If the version is out of date, you can recompile against another OpenFlow source directory by using the —-with-openflow command line option.

• At least one machine to use for the NOX controller.

  For testing purposes, the controller can be collocated on the same machine as a OpenFlow switch. We do not encourage this configuration for production use.

• A dedicated network between the OpenFlow switches and the controller.

  The OpenFlow specification does not yet support in-band signaling between a switch and the NOX controllers [1], so each switch must be connected to the controller using an otherwise unused switch port.

  Future versions of OpenFlow will eliminate this requirement.

• A network for NOX to monitor and control.

Running NOX

To start NOX, run the NOX nox_core program in src/. Note that this must be run from the src/ directory. Use nox_core --help for a usage message.

Interfaces

NOX supports multiple interfaces for gaining access to traffic. The standard interface is a bound TCP or SSL socket to which the OpenFlow switches connect. To specify the interface use, the -i argument on the commend line. For example, to have NOX listen on tcp port 2525 for incomding OpenFlow connections, issue the following command:

./nox_core -i ptcp:2525

Under this configuration, an OpenFlow switch can connect to nox on port 2525 to establish the OpenFlow communication channel.

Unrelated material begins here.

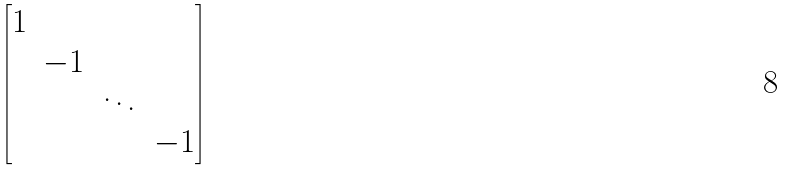<formula> <loc_0><loc_0><loc_500><loc_500>\begin{bmatrix} 1 & & & \\ & - 1 & & \\ & & \ddots & \\ & & & - 1 \end{bmatrix}</formula>

NOX supports the following interfaces:

• Passive TCP (-i ptcp:<portno>) accepts incoming TCP connections.
• Active TCP (-i tcp:ip:<portno>) active outgoing TCP connections.
• Passive SSL (-i pssl:<portno>) accepts incoming SSL connections.
• Active SSL (-i ssl:ip:<portno>) active outgoing SSL connections.
• pcap (-i pcap:/path/to/pcapfile[:/path/to/outfile]) reads traffic from a pcap file, and alternatively write all output packets to an outfile (used for testing).
• Generated packets (-i pgen:<# to generate>) generates a flood of identical packets (used for testing).

Running NOX with an OpenFlow reference switch

NOX is developed and tested against the OpenFlow reference implementation. This subsection will briefly describe how to configure a reference switch to operate with NOX. For more details regarding the OpenFlow reference implementation, please refer to its documentation.

We assume the following network setup.

Both NOX and OpenFlow are running on standard Linux PCs. The OpenFlow switch has two NICs which are acting as the switch ports and an additional interface (with IP 10.0.0.3) which it uses to connect to NOX. NOX is configured with a single NIC (with IP 10.0.0.2) which which it connects to the OpenFlow switch. Both NOX and the switch should be able to ping each other.

The switch is set up with a single datapath connected to eth1 and eth2. Doing this from a compiled OpenFlow source tree (on the switch) should look something like:

> insmod datapath/linux-2.6/openflow_mod.ko
> utilities/dpctl adddp nl:0
> utilities/dpctl addif nl:0 eth1
> utilities/dpctl addif nl:0 eth2

Run nox_core on the NOX host to listen to port 2525 and run the python L2 switch application:

cd src/
./nox_core -i ptcp:2525 pyswitch

The final step is to run the secure channel on the switch to connect the datapath and NOX. From the switch, this looks like:

> secchan/secchan nl:0 tcp:10.0.0.2:2525

If everything went well, host 1 should be able to communicate with host 2 through the switch software running on NOX.

Running NOX applications

TODO

Footnotes

[1]	The next release of OpenFlow should support this.